Print the data below again in full, exactly as it stands, with no images.

[Stored items from a collection]
Content starts
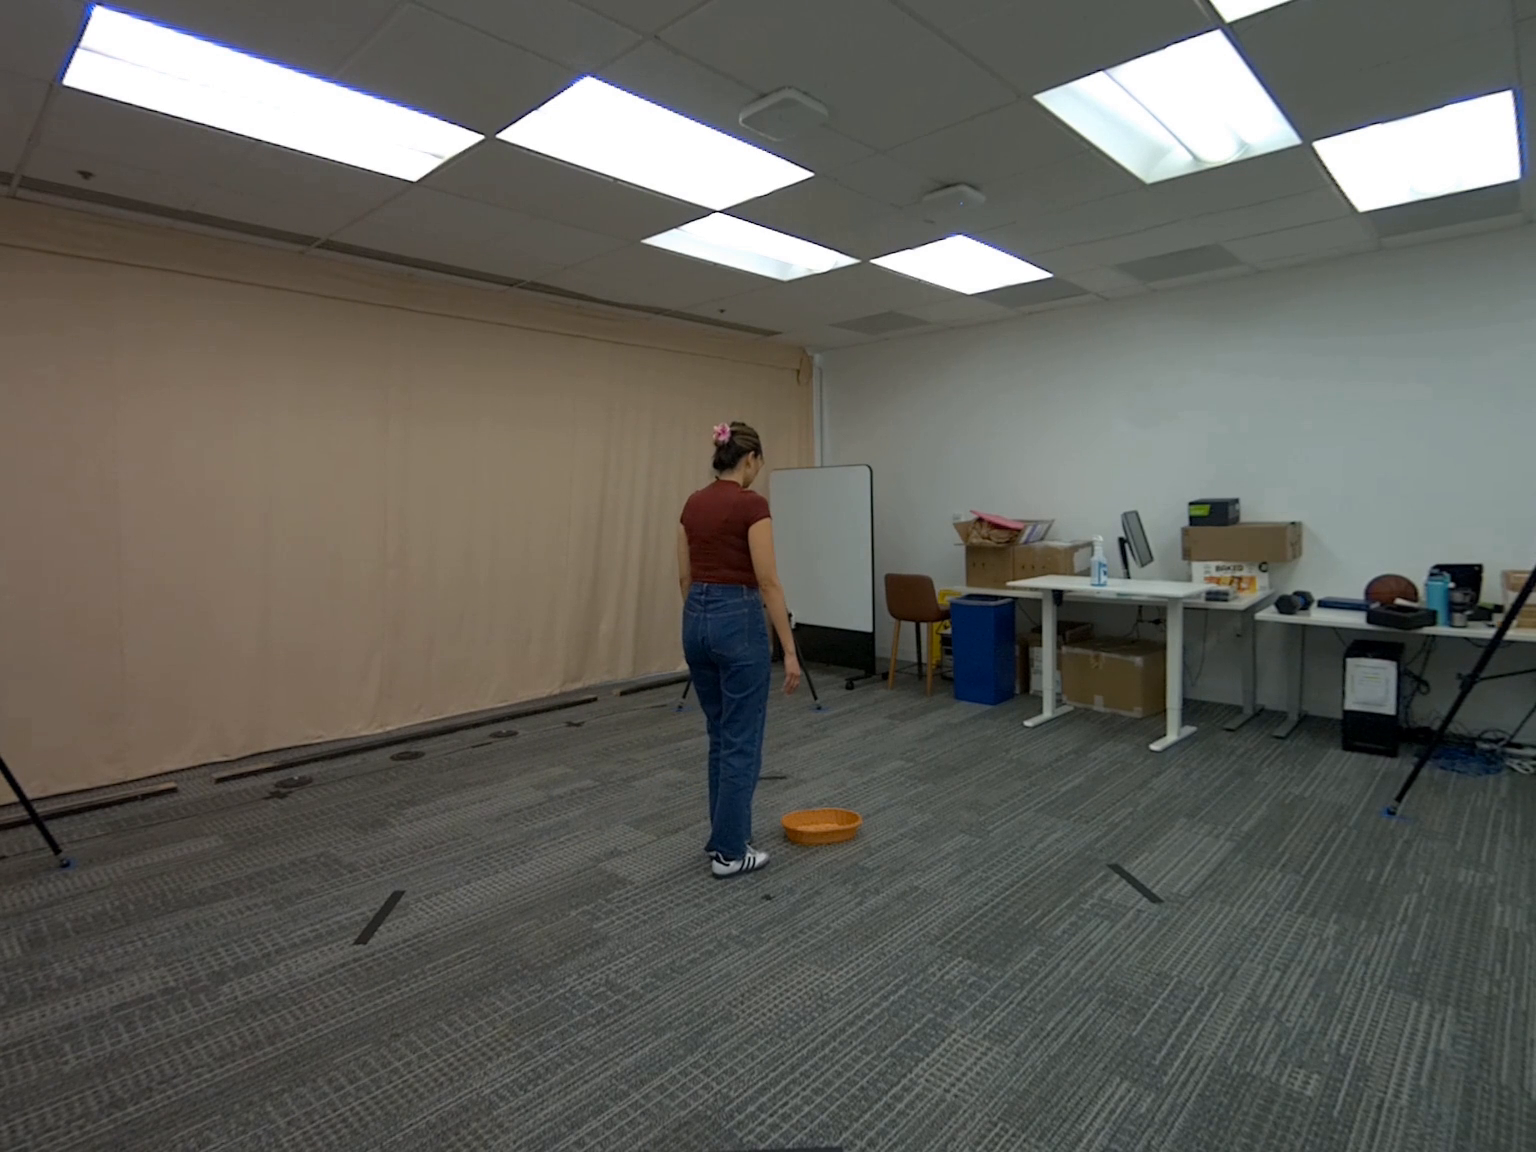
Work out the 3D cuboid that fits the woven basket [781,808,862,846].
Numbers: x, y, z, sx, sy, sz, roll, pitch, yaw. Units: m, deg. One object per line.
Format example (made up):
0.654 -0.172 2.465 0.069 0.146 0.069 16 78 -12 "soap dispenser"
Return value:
0.221 1.047 3.526 0.345 0.073 0.256 -2 4 -15 "woven basket"
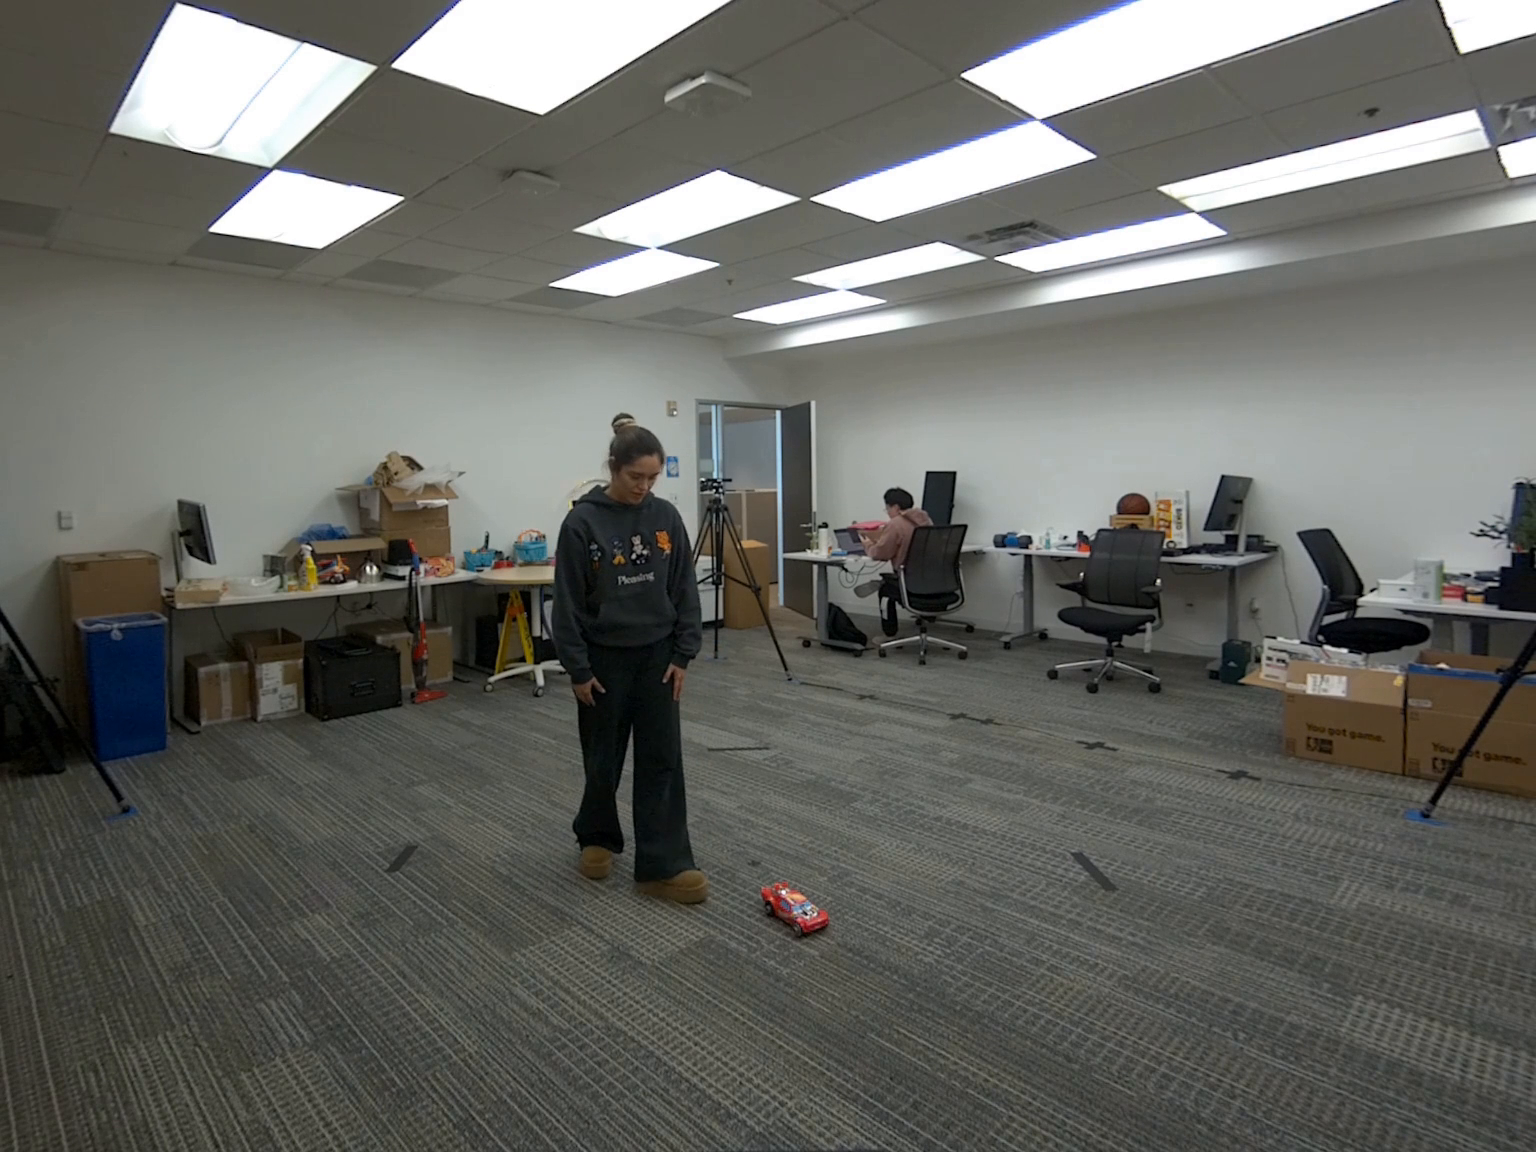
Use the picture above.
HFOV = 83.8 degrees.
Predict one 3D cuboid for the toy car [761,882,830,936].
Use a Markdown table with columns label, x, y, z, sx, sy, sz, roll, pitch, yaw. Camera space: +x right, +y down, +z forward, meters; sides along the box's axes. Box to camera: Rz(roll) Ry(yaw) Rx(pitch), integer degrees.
Content ends
§ Answer to the exercise:
Work out the 3D cuboid that fits the woven basket [781,808,862,846].
Numbers: x, y, z, sx, sy, sz, roll, pitch, yaw. Units: m, deg. One object per line.
Format example (made up):
0.654 -0.172 2.465 0.069 0.146 0.069 16 78 -12 "soap dispenser"
Return value:
0.221 1.047 3.526 0.345 0.073 0.256 -2 4 -15 "woven basket"
Use the picture above.
HFOV = 83.8 degrees.
Predict one 3D cuboid for the toy car [761,882,830,936].
Use a Markdown table with columns label, x, y, z, sx, sy, sz, roll, pitch, yaw. Camera space: +x right, +y down, +z forward, meters; sides along the box's axes. Box to camera: Rz(roll) Ry(yaw) Rx(pitch), integer degrees.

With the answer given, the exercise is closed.